There are quite a few modeling algorithms for the topic:

  • Latent Semantic Analysis (LSA)
  • Probabilistic Latent Semantic Analysis (PLSA)
  • Latent Dirichlet Allocation (LDA)
  • Correlated Topic Model (CTM)

The latent Dirichlet allocation is one of the most common methods. The LDA presumes that each text document consists of several subjects and that each subject consists of several words. The input LDA requires is merely the text documents and the number of topics it intends.

The subject modeling performance would classify the common terms in both topics by using the sample text and assuming two implicit topics. The key theme for the first topic 1 involves terms such as call, core, and service for our example. In topic 2, the main focus is termed such as premium, fair, and price. This assumes that subject 1 corresponds to customer service and subject two corresponds to the price


A text is represented as a bag (multiset) of words in this model (hence its name), ignoring grammar and even word order, but retaining multiplicity. The bag of words paradigm essentially produces a matrix of incidence. Then these word frequencies or instances are used as features for a classifier training.

Sadly, there are many downsides to this model. The worst is the lack of semantic meaning and context and the fact that such words are not weighted accordingly (for example, the word “universe” weighs less than the word “they” in this model).


It’s the mechanism by which text is segmented into sentences and phrases.
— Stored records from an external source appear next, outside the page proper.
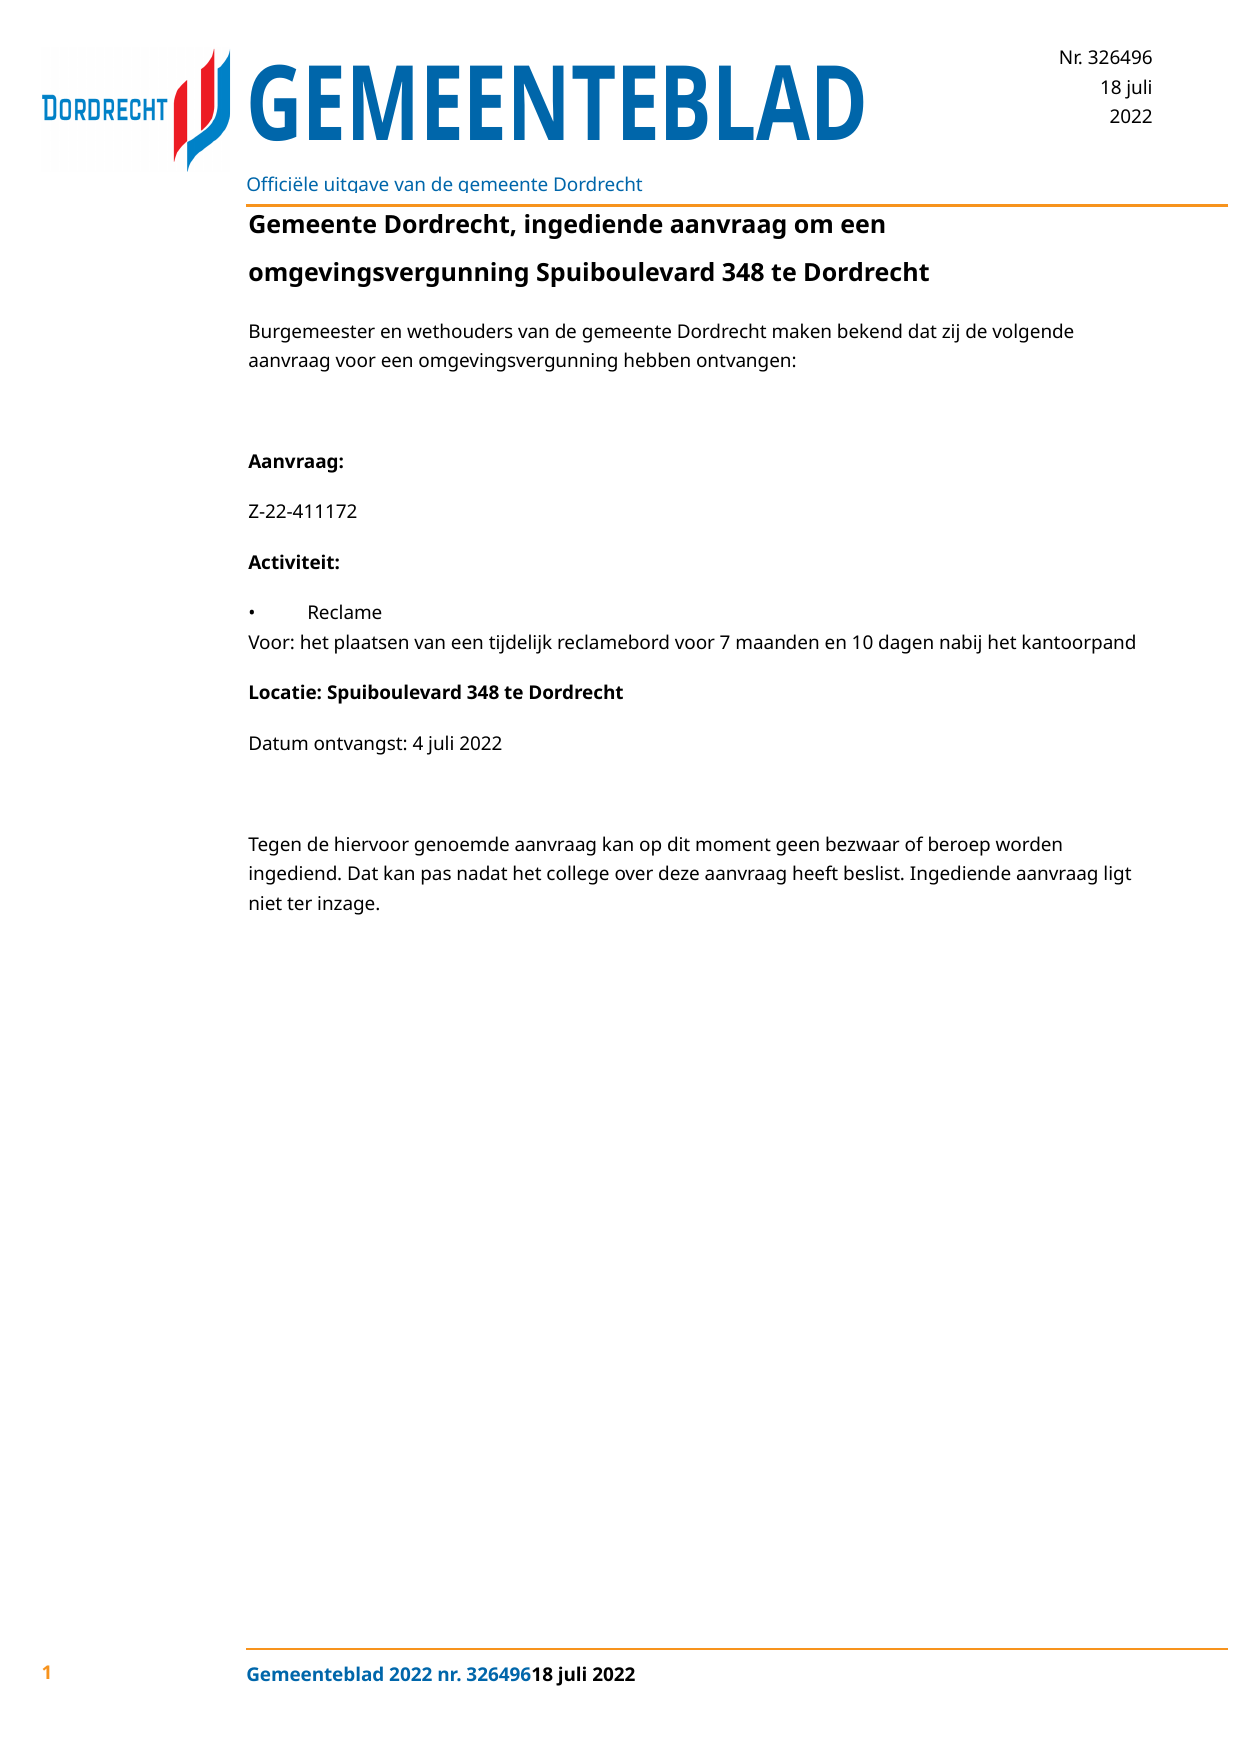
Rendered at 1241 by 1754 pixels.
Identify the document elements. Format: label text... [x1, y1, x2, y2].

text Locatie: Spuiboulevard 348 te Dordrecht [248, 679, 1152, 705]
picture [41, 47, 231, 172]
text Burgemeester en wethouders van de gemeente Dordrecht maken bekend dat zij de volgende aanvraag voor een omgevingsvergunning hebben ontvangen: [248, 318, 1152, 373]
text Z-22-411172 [248, 499, 1152, 524]
list Reclame [248, 599, 1152, 625]
text Aanvraag: [248, 448, 1152, 474]
text Gemeente Dordrecht, ingediende aanvraag om een omgevingsvergunning Spuiboulevard 348 te Dordrecht [248, 207, 1152, 288]
text Activiteit: [248, 549, 1152, 575]
text Voor: het plaatsen van een tijdelijk reclamebord voor 7 maanden en 10 dagen nabij het kantoorpand [248, 629, 1152, 655]
text Datum ontvangst: 4 juli 2022 [248, 730, 1152, 756]
text Tegen de hiervoor genoemde aanvraag kan op dit moment geen bezwaar of beroep worden ingediend. Dat kan pas nadat het college over deze aanvraag heeft beslist. Ingediende aanvraag ligt niet ter inzage. [248, 831, 1152, 916]

Essentially, the job is to break a text into smaller bits (called tokens) while tossing away certain characters, such as punctuation.

For instance:

Text input: yesterday Peter walked to school.

Text output: Peter, went to, yesterday, school

The biggest drawback to this approach is that it fits better for certain languages, and with others, even worse. This is the case, especially when it comes to tonal languages, such as Mandarin or Vietnamese. The Mandarin word ma, for example, may mean “a horse,” “hemp,” “a scold” or “a mother” depending on the sound. The NLP algorithms face a real threat.
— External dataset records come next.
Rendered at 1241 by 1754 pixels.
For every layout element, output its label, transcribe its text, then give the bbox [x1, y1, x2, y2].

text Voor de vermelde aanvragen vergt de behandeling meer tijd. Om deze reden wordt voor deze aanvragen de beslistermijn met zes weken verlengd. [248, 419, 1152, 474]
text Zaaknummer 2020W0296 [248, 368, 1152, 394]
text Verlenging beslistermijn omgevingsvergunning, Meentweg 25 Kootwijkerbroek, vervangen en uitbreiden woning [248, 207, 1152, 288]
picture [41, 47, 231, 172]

For eg, the stop words are “and,” “the” or “an” This technique is based on the removal of words which give the NLP algorithm little to no meaning. They are called stop words, and before they are read, they are deleted from the text.

This approach has a few disadvantages to it:

  • The database of the NLP algorithm is not riddled with terms which are not useful
  • The Text is interpreted quicker
  • The algorithm can be trained more quickly because the training set contains only vital information

Naturally, there are also downsides. There is always a risk that the stop word removal can wipe out relevant information and modify the context in a given sentence. That’s why it’s immensely important to carefully select the stop words, and exclude ones that can change the meaning of a word (like, for example, “not”).
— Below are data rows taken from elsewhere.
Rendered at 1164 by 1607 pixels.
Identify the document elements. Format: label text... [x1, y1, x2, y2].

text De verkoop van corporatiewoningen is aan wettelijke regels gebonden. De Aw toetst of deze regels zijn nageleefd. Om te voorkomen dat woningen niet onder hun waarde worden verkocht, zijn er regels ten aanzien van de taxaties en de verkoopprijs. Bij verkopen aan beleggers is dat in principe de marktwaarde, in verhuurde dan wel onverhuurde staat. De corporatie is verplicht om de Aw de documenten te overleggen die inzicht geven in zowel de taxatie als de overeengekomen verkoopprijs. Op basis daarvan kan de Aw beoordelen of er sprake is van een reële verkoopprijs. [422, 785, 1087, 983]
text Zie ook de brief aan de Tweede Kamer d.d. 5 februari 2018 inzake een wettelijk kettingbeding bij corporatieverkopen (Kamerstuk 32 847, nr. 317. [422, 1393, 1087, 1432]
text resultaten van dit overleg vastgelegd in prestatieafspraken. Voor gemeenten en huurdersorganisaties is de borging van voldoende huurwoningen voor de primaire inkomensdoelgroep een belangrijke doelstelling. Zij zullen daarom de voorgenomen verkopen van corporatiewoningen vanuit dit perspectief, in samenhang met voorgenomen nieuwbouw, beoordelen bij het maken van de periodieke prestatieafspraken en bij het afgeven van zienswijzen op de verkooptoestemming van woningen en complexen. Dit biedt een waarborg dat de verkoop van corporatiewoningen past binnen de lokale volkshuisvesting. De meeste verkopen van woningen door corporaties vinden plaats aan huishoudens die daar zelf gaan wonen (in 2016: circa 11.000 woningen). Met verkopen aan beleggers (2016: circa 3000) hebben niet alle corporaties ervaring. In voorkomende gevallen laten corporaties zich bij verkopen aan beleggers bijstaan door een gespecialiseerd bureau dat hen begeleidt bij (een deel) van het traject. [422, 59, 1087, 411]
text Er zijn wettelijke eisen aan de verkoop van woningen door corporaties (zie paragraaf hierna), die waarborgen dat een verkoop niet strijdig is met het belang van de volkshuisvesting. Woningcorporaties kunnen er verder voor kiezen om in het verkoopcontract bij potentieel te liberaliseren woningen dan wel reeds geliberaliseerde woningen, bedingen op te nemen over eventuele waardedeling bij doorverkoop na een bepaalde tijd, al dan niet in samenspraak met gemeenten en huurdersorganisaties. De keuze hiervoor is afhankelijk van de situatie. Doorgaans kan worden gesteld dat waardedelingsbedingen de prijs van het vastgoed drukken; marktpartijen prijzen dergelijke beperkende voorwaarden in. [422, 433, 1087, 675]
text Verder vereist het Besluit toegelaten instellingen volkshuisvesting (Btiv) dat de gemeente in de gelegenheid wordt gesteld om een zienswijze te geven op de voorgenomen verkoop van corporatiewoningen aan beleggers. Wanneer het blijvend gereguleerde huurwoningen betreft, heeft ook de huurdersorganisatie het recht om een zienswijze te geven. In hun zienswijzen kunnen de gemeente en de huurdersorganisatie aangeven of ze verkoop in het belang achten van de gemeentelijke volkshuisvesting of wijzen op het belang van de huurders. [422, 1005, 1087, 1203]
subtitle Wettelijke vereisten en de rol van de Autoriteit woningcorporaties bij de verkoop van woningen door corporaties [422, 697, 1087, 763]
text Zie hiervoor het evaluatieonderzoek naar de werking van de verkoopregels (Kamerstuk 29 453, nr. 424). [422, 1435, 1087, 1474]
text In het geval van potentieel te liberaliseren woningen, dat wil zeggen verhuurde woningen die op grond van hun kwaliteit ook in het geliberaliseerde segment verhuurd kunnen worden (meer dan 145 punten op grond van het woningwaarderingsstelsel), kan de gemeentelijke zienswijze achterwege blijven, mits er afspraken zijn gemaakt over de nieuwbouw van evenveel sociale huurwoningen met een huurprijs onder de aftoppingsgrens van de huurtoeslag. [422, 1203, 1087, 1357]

In this article, we took a look at some quick introductions to some of the most beginner-friendly Natural Language Processing or NLP algorithms and techniques. I hope this article helped you in some way to figure out where to start from if you want to study Natural Language Processing. You can also check out our article on Data Compression Algorithms.

Thank you for reading this article. I hope this article was useful to you.